● **AVAILABLE DATA**:
============

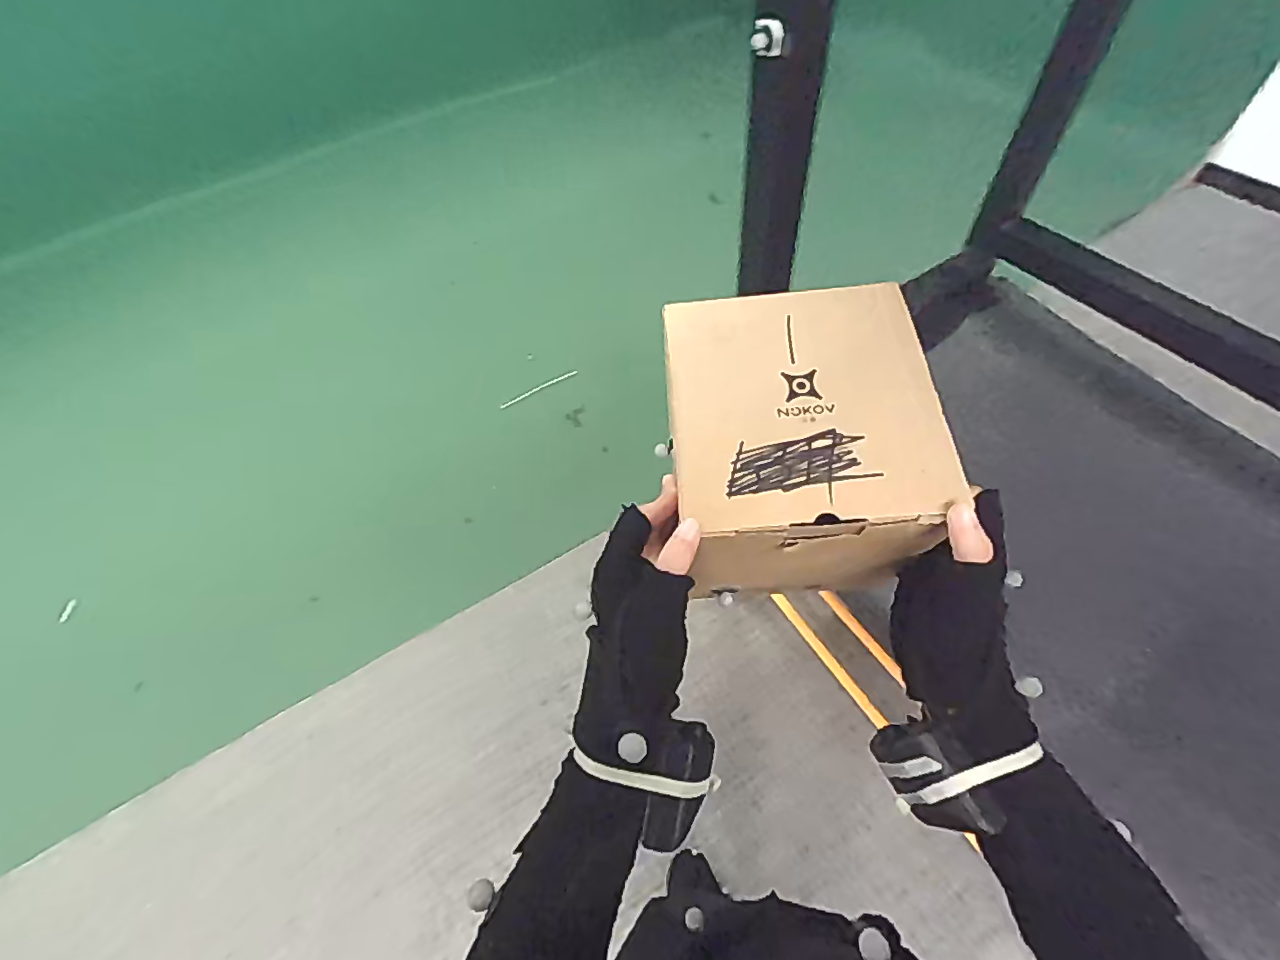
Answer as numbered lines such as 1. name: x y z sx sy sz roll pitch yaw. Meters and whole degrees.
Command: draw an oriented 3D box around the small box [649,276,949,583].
1. small box: 0.098 -0.024 0.415 0.168 0.176 0.179 -5 64 3

============

● **TASK INSTRUCTIONS**: From the first line to the last, write out the data above exactly. Omit the pictures.

● **REPLY**:
Answer as numbered lines such as 1. name: x y z sx sy sz roll pitch yaw. Meters and whole degrees.
Command: draw an oriented 3D box around the small box [649,276,949,583].
1. small box: 0.098 -0.024 0.415 0.168 0.176 0.179 -5 64 3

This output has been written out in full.